Девадатта сморщил лоб.
— Точно не знаю, — сказал он. — Наверное, когда убил гуся…
Гуся он подбил лет в шесть, еще из детского лука. Раненный в крыло, гусь беспомощно бился, а Девадатта в ужасе помчался к дому. Не пробежав и трех десятков шагов, он налетел на отца. «Что ты плачешь, охотник? — грозно спросил отец. — Вот тебе нож. Иди и отруби гусю голову». Если бы Девадатта мог убежать, он бы убежал, но отец был богом, а от бога не убежишь. Девадатта взял нож и пошел обратно. Раненый гусь оказался крупной птицей с тяжелым клювом. Девадатта был маленьким мальчиком, но в руке у него был нож. Когда все кончилось, он без сил лежал на земле, покрытый синяками, с заплывающим глазом, перемазанный в крови гуся и собственной рвоте.

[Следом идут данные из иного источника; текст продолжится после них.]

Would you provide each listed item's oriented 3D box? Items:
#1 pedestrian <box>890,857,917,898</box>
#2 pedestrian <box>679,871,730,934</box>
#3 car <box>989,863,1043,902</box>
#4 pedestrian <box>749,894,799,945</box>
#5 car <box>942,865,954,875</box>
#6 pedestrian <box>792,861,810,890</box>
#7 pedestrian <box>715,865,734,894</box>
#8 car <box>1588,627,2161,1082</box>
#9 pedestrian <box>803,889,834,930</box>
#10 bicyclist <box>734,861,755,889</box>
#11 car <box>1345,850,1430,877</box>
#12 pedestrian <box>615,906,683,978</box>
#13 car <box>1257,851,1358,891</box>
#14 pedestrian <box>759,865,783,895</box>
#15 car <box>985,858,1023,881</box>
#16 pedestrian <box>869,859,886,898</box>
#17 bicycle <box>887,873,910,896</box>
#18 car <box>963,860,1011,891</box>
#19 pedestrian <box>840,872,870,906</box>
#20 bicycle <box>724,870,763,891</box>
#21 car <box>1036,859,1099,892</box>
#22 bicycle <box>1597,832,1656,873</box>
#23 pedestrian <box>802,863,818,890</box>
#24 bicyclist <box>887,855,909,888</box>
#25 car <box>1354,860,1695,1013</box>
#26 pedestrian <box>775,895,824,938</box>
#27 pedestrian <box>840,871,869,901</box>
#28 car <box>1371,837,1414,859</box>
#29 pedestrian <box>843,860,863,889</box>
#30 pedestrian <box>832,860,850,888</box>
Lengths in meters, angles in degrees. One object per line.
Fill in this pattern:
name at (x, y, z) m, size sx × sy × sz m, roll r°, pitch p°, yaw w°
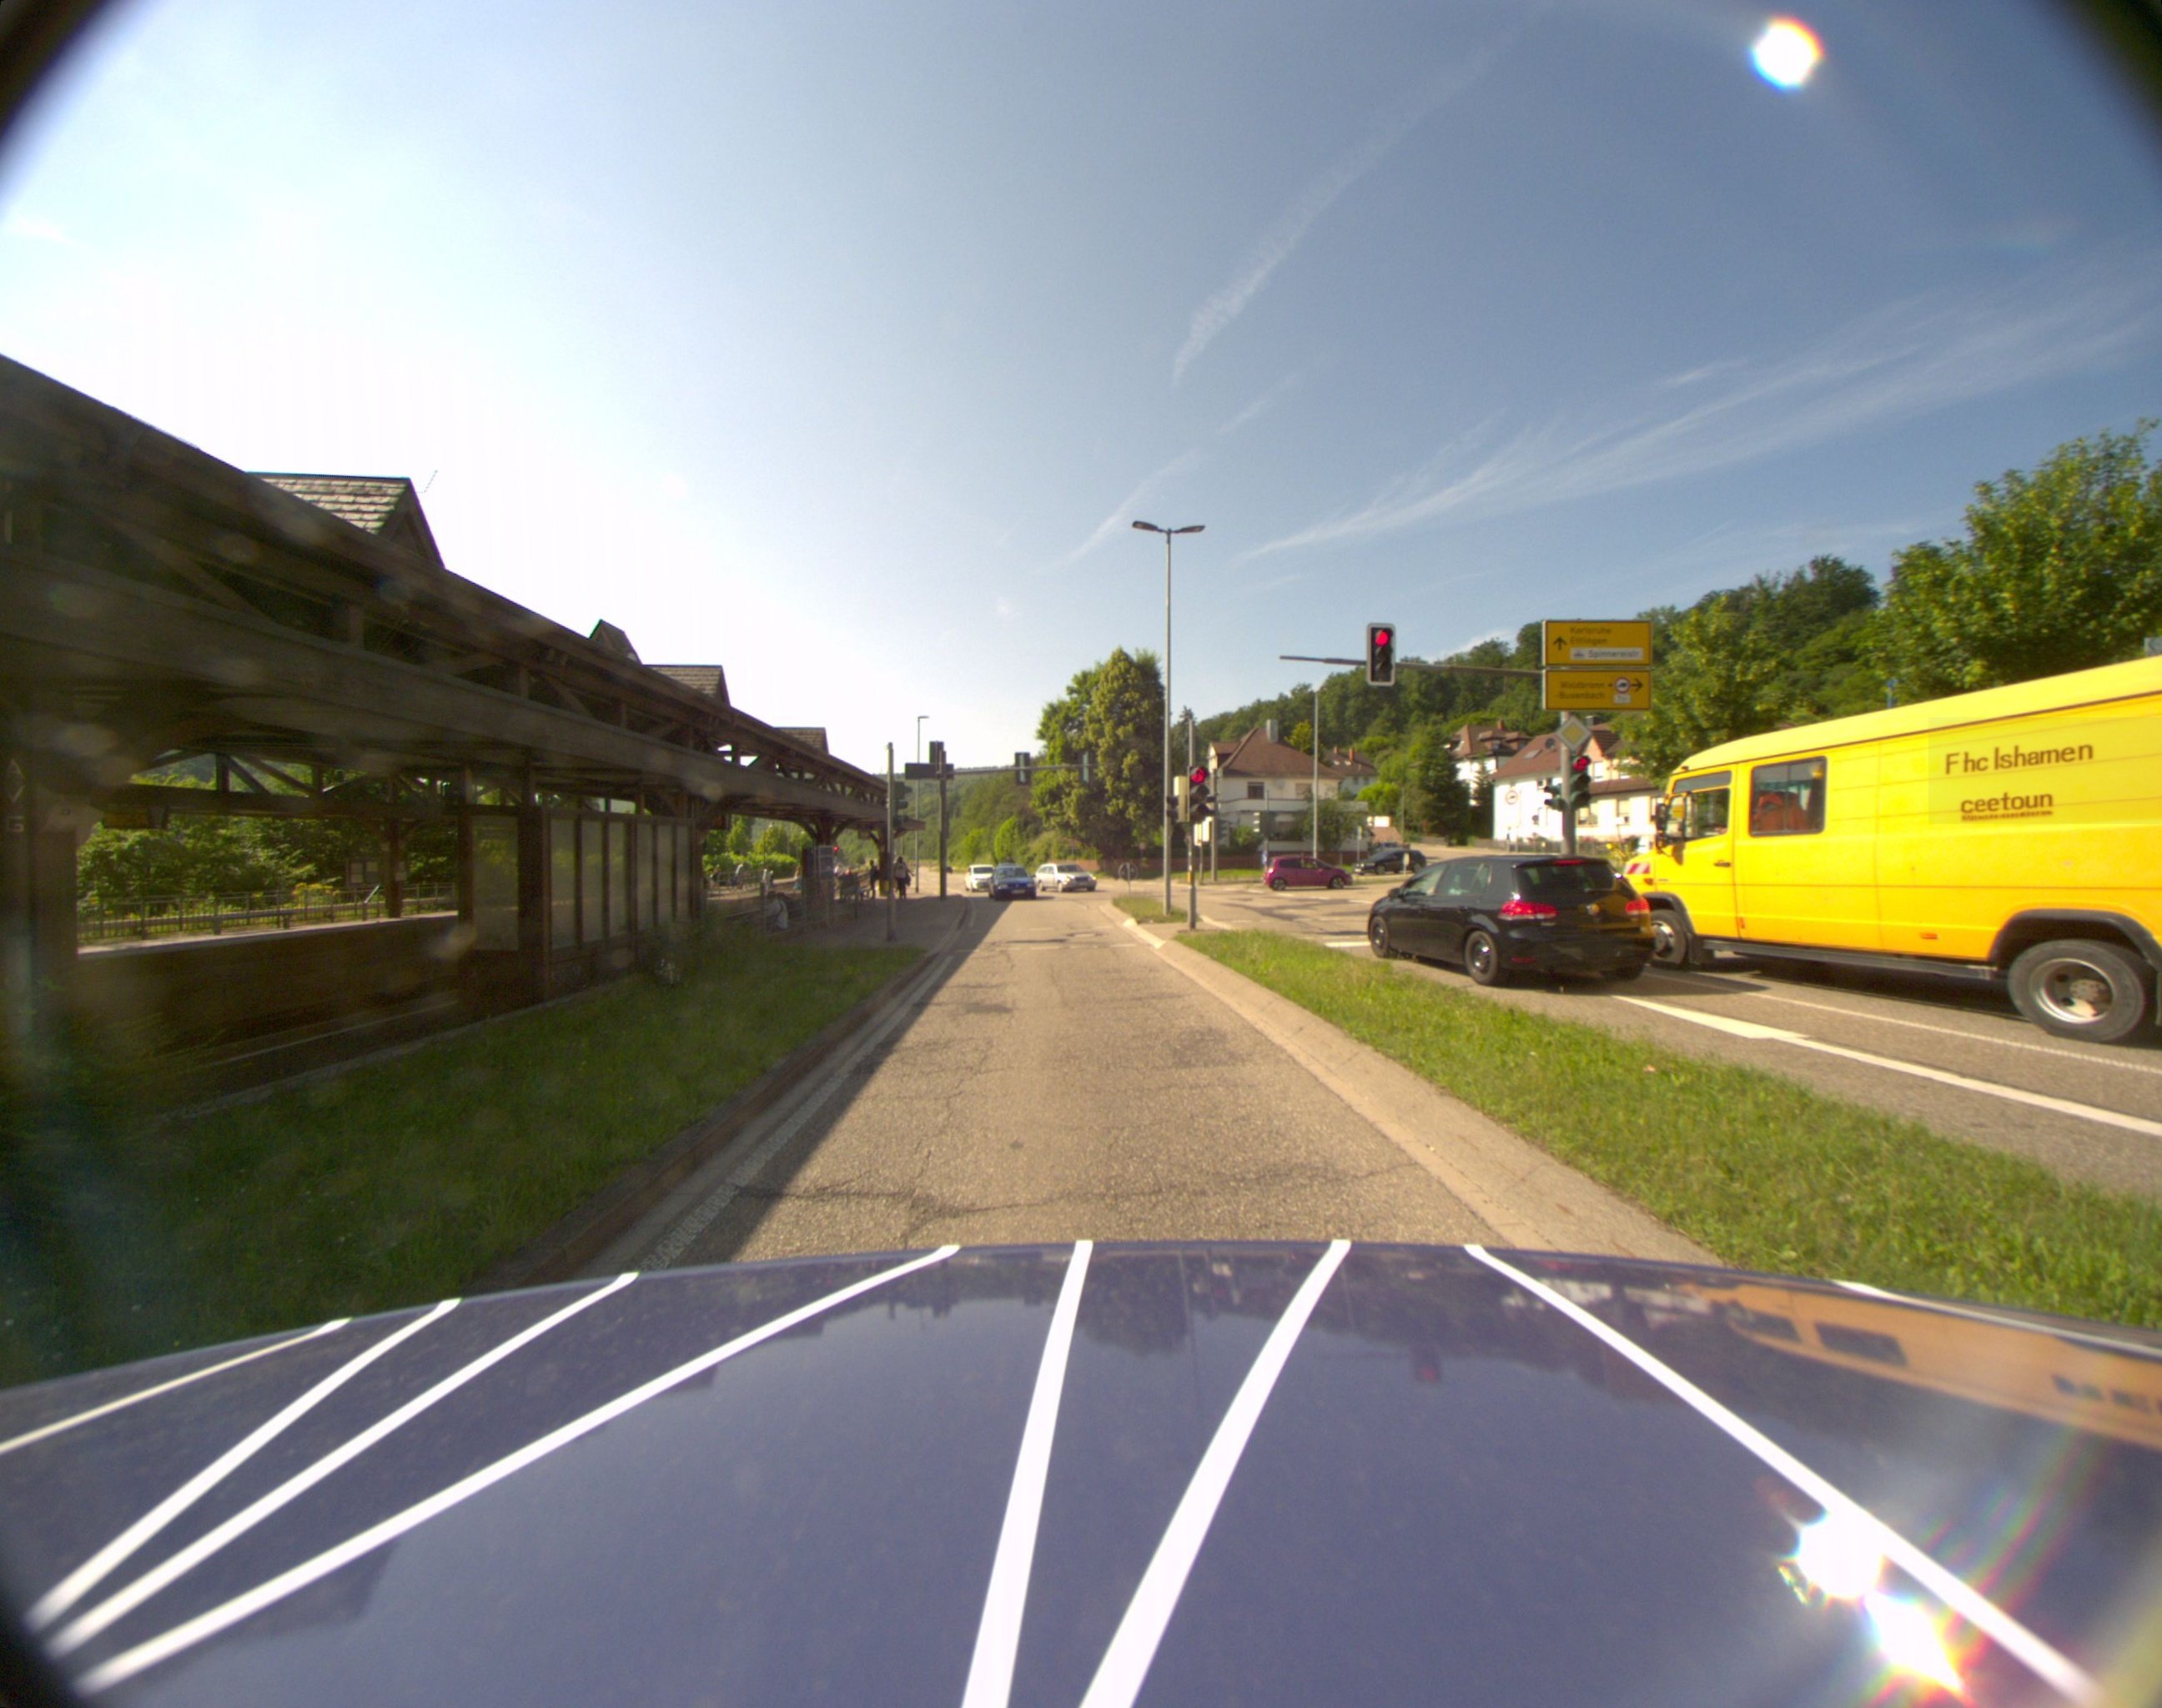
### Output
pedestrian at (-7.799, 1.043, 33.418) m, size 0.916 × 1.726 × 1.251 m, roll -3°, pitch -1°, yaw -6°
pedestrian at (-9.479, 1.201, 19.152) m, size 0.863 × 1.538 × 0.922 m, roll -1°, pitch -1°, yaw -5°
car at (-2.830, 1.151, 32.395) m, size 1.867 × 1.474 × 4.298 m, roll -1°, pitch 0°, yaw -10°
pedestrian at (-6.426, 1.366, 15.922) m, size 0.744 × 0.976 × 0.769 m, roll -3°, pitch -1°, yaw -7°
car at (-24.735, 2.960, 141.403) m, size 2.000 × 1.739 × 3.998 m, roll -3°, pitch -1°, yaw -9°
pedestrian at (-17.058, 1.303, 46.224) m, size 0.905 × 1.674 × 0.821 m, roll -3°, pitch -1°, yaw -23°
pedestrian at (-21.189, 1.521, 45.146) m, size 0.905 × 1.674 × 1.123 m, roll -3°, pitch -1°, yaw -23°
car at (8.225, -0.041, 6.988) m, size 2.474 × 2.993 × 6.464 m, roll -3°, pitch 0°, yaw -3°
pedestrian at (-6.536, 1.380, 18.956) m, size 0.619 × 0.960 × 0.406 m, roll -3°, pitch -1°, yaw -7°
bicyclist at (-21.062, 1.326, 47.514) m, size 0.820 × 1.674 × 0.905 m, roll -4°, pitch -1°, yaw 44°
car at (18.778, 0.593, 46.550) m, size 4.755 × 1.475 × 1.978 m, roll -2°, pitch -1°, yaw -21°
pedestrian at (-7.342, 1.478, 12.942) m, size 0.744 × 1.110 × 0.667 m, roll -3°, pitch -1°, yaw -7°
car at (9.574, 0.719, 32.362) m, size 3.949 × 1.525 × 1.664 m, roll -2°, pitch 0°, yaw 11°
pedestrian at (-19.052, 1.597, 46.658) m, size 0.990 × 1.831 × 1.073 m, roll -2°, pitch -1°, yaw 0°
car at (-5.627, 1.152, 55.273) m, size 1.982 × 1.495 × 3.982 m, roll -2°, pitch -1°, yaw -17°
pedestrian at (-8.888, 1.063, 33.163) m, size 0.659 × 1.682 × 0.738 m, roll -1°, pitch 0°, yaw -13°
bicycle at (-9.109, 1.507, 37.925) m, size 0.605 × 1.049 × 1.810 m, roll -3°, pitch 0°, yaw -29°
car at (-5.388, 1.190, 43.103) m, size 2.001 × 1.575 × 3.994 m, roll -3°, pitch 0°, yaw -17°
pedestrian at (-8.712, 1.349, 29.289) m, size 0.994 × 1.228 × 0.596 m, roll -3°, pitch -1°, yaw -14°
bicycle at (-21.080, 1.670, 47.452) m, size 0.708 × 1.201 × 2.024 m, roll -4°, pitch -1°, yaw 44°
car at (-0.782, 1.104, 38.979) m, size 1.982 × 1.495 × 4.745 m, roll -2°, pitch -1°, yaw -17°
bicycle at (18.295, -0.027, 25.539) m, size 0.620 × 1.247 × 1.758 m, roll -6°, pitch -2°, yaw 2°
pedestrian at (-17.022, 1.393, 47.813) m, size 0.558 × 1.674 × 0.685 m, roll -3°, pitch -1°, yaw 21°
bicyclist at (-9.128, 0.880, 37.932) m, size 0.788 × 1.559 × 0.945 m, roll -3°, pitch 1°, yaw -28°
car at (5.102, 0.822, 9.497) m, size 1.750 × 1.454 × 4.042 m, roll -1°, pitch 0°, yaw -3°
pedestrian at (-6.378, 1.408, 17.264) m, size 0.847 × 0.869 × 0.807 m, roll -3°, pitch -1°, yaw -7°
pedestrian at (-9.083, 1.273, 30.471) m, size 1.010 × 1.153 × 0.947 m, roll -2°, pitch 1°, yaw -13°
car at (25.823, -0.496, 63.164) m, size 1.939 × 1.627 × 4.001 m, roll -3°, pitch -1°, yaw 2°
pedestrian at (-14.020, 1.265, 46.670) m, size 0.824 × 1.674 × 0.901 m, roll -3°, pitch -1°, yaw -41°
pedestrian at (-14.945, 1.253, 47.275) m, size 0.868 × 1.674 × 0.822 m, roll -3°, pitch -1°, yaw -7°

— Отец сек тебя? — спросил Кашьяпа.
Юноша пожал плечами.
— Почему ты не скажешь правду? Я хочу помочь тебе.
— А я просил тебя?
— Моя помощь понадобится тебе, еще как понадобится, — забрюзжал старик. — Если, конечно, ты хочешь остаться в общине. Ты же хочешь остаться, сын благородного кшатрия?
Сын благородного кшатрия не ответил.
— Вступая на путь отшельника, ты испытываешь муки, подобные тем, которые бывают у рожениц, — продолжал Кашьяпа. — Ты всех ненавидишь, ненавидишь самого себя, тебе хочется убежать и быть далеко-далеко. Мы все через это прошли, мой милый. Даже твой двоюродный брат Сиддхарта прошел через это. Однажды эту грязную, трудную дорогу нужно пройти.
— Я не хочу отвечать на гадкие вопросы.
— Мои вопросы могут показаться гадкими, но только так ты вспомнишь, поймешь и проживешь заново свою жизнь. Это нужно, чтобы воскресить в тебе память о прежних рождениях. Ты узнаешь, кем ты был, какие проступки совершил, за что в этой жизни наказан, за что вознагражден. В конце концов ты поймешь, что такое сансара.
Девадатта зажмурился.
— Однажды отец здорово высек меня за чакру…
Чакрой назывался дисковый нож с остро заточенной внешней кромкой. Такой нож раскручивали на железном пруте или на пальце с помощью специального кольца. В бою это было страшное оружие. Чакра поражала незащищенные участки лица и тела, отрубала руки. Если диск бросали вертикально вверх, он падал на врагов с неба и надвое рассекал тела. У отца было четыре диска, и Девадатта решил, что один он вполне может взять для игры. Расплатой стала порка прутом на глазах всего дома. Ослепнув от позора и боли, Девадатта убежал за ворота, и только утром следующего дня его отыскали в нише городской стены. Амритодана остался доволен. «Мой сын не прощает обид, — сказал он. — В нем говорит кшатрийская гордость».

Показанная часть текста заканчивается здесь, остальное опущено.